▶ [Exercise instructions] Before writing out the records, remove the pictures; keep everything else exact.

▶ [Working data]

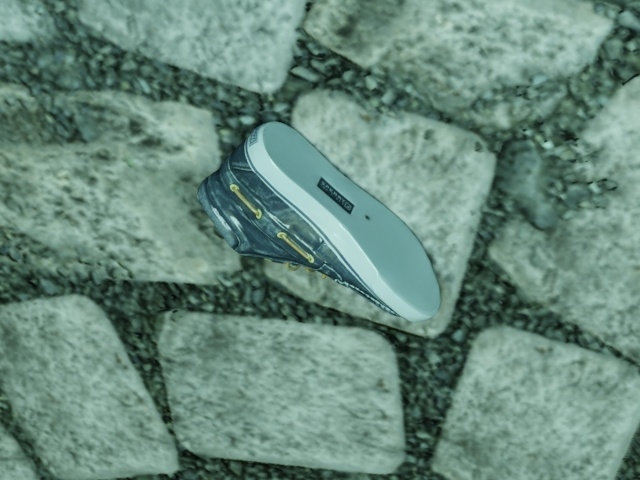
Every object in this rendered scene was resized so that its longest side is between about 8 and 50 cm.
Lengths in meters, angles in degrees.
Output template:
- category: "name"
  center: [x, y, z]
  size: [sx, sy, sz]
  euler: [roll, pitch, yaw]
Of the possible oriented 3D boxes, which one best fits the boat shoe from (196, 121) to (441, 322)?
- category: "boat shoe"
  center: [0.000, 0.000, 1.316]
  size: [0.183, 0.065, 0.083]
  euler: [45, 129, -10]

▶ [Answer area]
Every object in this rendered scene was resized so that its longest side is between about 8 and 50 cm.
Lengths in meters, angles in degrees.
Output template:
- category: "name"
  center: [x, y, z]
  size: [sx, sy, sz]
  euler: [roll, pitch, yaw]
Of the possible oriented 3D boxes, which one best fits the boat shoe from (196, 121) to (441, 322)?
- category: "boat shoe"
  center: [0.000, 0.000, 1.316]
  size: [0.183, 0.065, 0.083]
  euler: [45, 129, -10]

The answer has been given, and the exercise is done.